Data records

[Start of section]

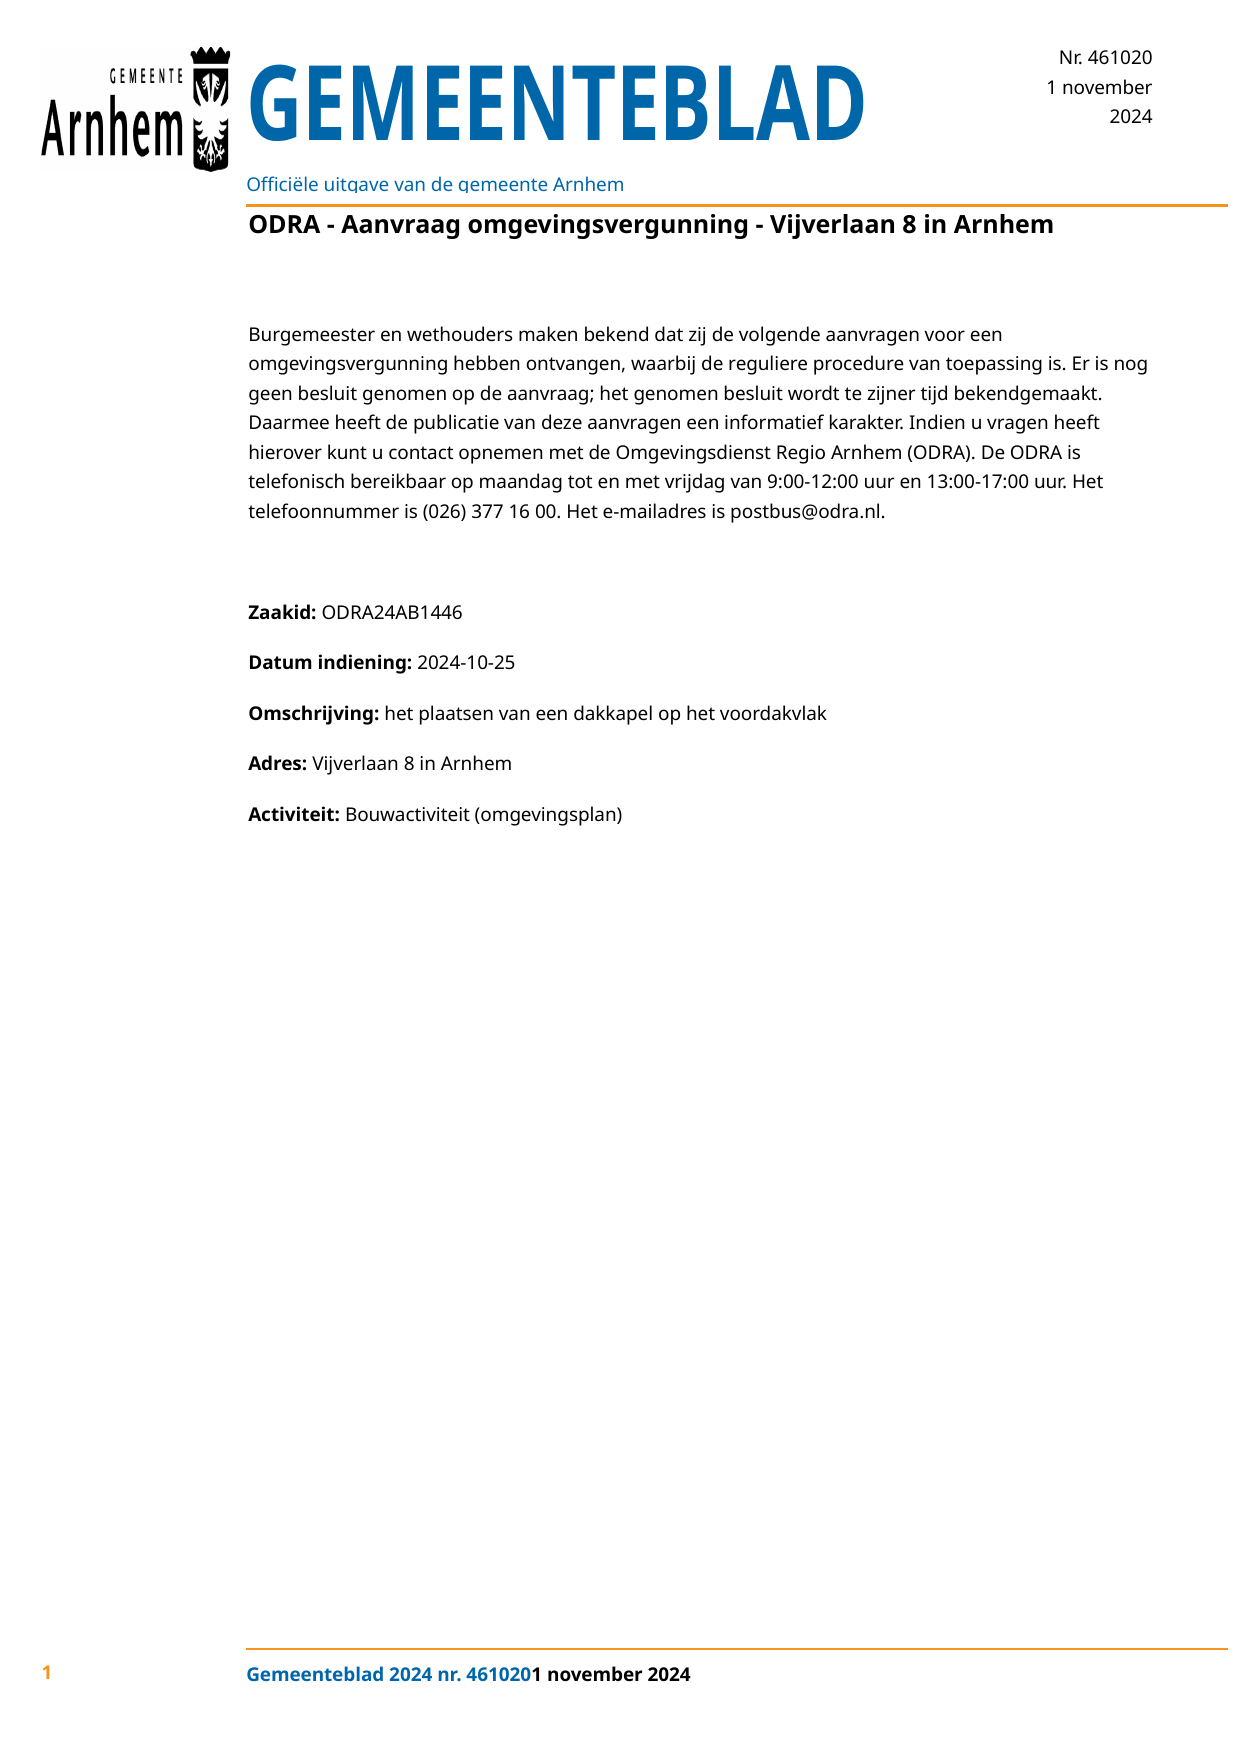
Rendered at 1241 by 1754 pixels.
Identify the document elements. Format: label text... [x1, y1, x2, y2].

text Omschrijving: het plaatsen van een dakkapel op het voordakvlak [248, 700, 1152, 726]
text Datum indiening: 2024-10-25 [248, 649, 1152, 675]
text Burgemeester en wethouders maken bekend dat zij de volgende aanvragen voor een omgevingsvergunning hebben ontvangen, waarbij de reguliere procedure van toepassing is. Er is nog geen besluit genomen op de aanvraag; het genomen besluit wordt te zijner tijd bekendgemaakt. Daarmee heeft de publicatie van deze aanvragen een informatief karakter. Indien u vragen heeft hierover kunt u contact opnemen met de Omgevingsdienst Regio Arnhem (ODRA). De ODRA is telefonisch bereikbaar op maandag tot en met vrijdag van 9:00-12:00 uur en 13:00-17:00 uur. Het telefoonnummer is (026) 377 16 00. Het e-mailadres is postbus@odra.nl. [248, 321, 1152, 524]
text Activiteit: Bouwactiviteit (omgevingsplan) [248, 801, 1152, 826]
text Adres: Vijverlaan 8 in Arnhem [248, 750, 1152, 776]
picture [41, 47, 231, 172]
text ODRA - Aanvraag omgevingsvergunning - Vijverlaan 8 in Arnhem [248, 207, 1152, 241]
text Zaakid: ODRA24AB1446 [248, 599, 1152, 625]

[End of section]

• Aim of the task
Copy exactly the lines that begin with the one containing "text Activiteit: Bouwactiviteit" and continue to the end of the records, both included, and nothing more.

• Solution below
text Activiteit: Bouwactiviteit (omgevingsplan) [248, 801, 1152, 826]
text Adres: Vijverlaan 8 in Arnhem [248, 750, 1152, 776]
picture [41, 47, 231, 172]
text ODRA - Aanvraag omgevingsvergunning - Vijverlaan 8 in Arnhem [248, 207, 1152, 241]
text Zaakid: ODRA24AB1446 [248, 599, 1152, 625]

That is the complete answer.